**Task instructions:**
State, as a single number, how many lines in the data below contain "minimum".

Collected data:

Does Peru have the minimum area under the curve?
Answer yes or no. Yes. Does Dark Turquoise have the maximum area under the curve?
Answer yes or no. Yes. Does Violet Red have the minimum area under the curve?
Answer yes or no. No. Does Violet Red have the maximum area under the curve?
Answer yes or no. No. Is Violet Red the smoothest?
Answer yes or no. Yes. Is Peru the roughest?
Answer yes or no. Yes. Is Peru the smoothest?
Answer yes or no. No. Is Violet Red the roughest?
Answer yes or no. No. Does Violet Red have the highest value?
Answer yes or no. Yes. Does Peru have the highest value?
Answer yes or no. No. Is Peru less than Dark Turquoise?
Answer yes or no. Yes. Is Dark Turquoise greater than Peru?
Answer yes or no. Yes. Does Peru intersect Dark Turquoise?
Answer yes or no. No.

**Output for this task:**
2